🐱 Prison Rape Is NOT Funny - Lol no

CatParty


WARNING: Strong language and descriptions of violent, sexual assault which can be strong triggers for emotional stress or PTSD.




I’m sittin’ here, doing my daily browsing and looking at stories, opinions and comments. I know better to read the comments. I’ve tried to work on this with my therapist and he said to just give it up and deal with the outrage. So, I’m going to deal with it.

So, I’m reading about some Boogaloo derp who pled guilty and is looking at 20 years in the fed. I’m scrolling through comments and I start seeing things suggesting forced anal penetration, or, in street parlance, “becoming someone’s bitch.”

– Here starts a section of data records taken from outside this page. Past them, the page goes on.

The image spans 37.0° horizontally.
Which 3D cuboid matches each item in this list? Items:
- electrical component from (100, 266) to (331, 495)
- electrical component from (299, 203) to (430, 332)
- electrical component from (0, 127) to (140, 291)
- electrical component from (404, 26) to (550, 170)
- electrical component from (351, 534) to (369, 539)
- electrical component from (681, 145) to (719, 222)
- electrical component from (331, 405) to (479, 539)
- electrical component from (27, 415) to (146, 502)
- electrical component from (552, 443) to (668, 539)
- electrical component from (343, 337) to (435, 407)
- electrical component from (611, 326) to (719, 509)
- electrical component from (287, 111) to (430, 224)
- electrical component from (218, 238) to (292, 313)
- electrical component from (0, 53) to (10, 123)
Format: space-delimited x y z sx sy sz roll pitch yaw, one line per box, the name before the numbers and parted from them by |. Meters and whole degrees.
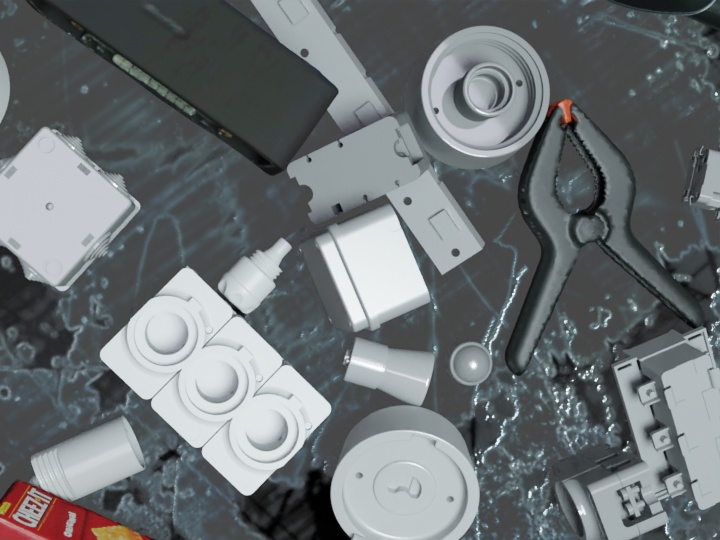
electrical component | -0.105 0.080 0.792 0.150 0.062 0.089 45 85 -6
electrical component | 0.000 0.000 0.780 0.057 0.113 0.078 -24 93 -9
electrical component | -0.223 -0.045 0.783 0.100 0.048 0.099 42 85 -5
electrical component | 0.092 -0.133 0.817 0.108 0.060 0.108 0 90 -8
electrical component | 0.056 0.286 0.794 0.186 0.060 0.105 24 115 -7
electrical component | 0.293 -0.067 0.854 0.064 0.042 0.081 12 88 -4
electrical component | 0.034 0.153 0.807 0.108 0.060 0.108 1 110 2
electrical component | -0.204 0.143 0.789 0.081 0.043 0.043 -23 93 -6
electrical component | 0.184 0.171 0.817 0.056 0.089 0.050 -21 93 -7
electrical component | 0.020 0.075 0.820 0.065 0.044 0.044 16 88 -3
electrical component | 0.251 0.116 0.826 0.079 0.063 0.121 -22 106 -7
electrical component | 0.001 -0.077 0.797 0.089 0.055 0.050 -24 98 17
electrical component | -0.076 0.001 0.809 0.035 0.035 0.061 44 83 -6
electrical component | -0.310 -0.135 0.764 0.108 0.060 0.108 0 90 -8
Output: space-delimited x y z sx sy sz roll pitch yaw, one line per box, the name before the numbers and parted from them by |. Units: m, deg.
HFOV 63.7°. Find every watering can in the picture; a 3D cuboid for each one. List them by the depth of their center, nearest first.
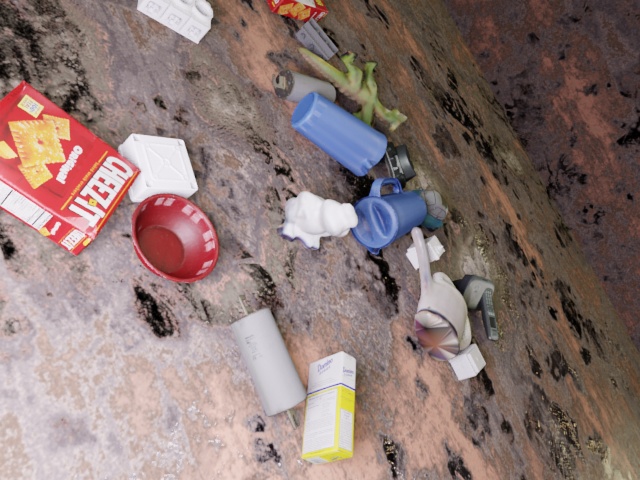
watering can | 0.296 0.154 1.320 0.344 0.103 0.229 58 36 -15

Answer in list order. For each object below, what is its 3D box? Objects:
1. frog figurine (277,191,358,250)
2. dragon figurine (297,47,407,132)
frog figurine | 0.003 -0.056 1.105 0.136 0.157 0.126 41 39 -23
dragon figurine | 0.104 -0.418 1.539 0.410 0.120 0.246 3 70 -38

I realize it’s just banter, but there are surely folks on here who’ve been in prison and that shit ain’t no joke. For one thing, 85-90% inmates don’t get raped. Statistics put the number between 3.2 and 4.6% reported, substantiated victims (I’m not going to go down this road about unreported — not enough time in the day for that).

I’ve been behind those walls. I was lucky. I’m an average-to-big guy, I’m openly gay, I wouldn’t hesitate to slap the taste out of someone’s mouth, I got hella boo game and (most importantly) I make people laugh. I got tried up (tested) a few times, but I shut that mess down quickly. It wasn’t hard to do. Still, there were a couple of times where I was scared a certain inmate was going to try and rape me. Nothing happened in prison and for that I’m grateful.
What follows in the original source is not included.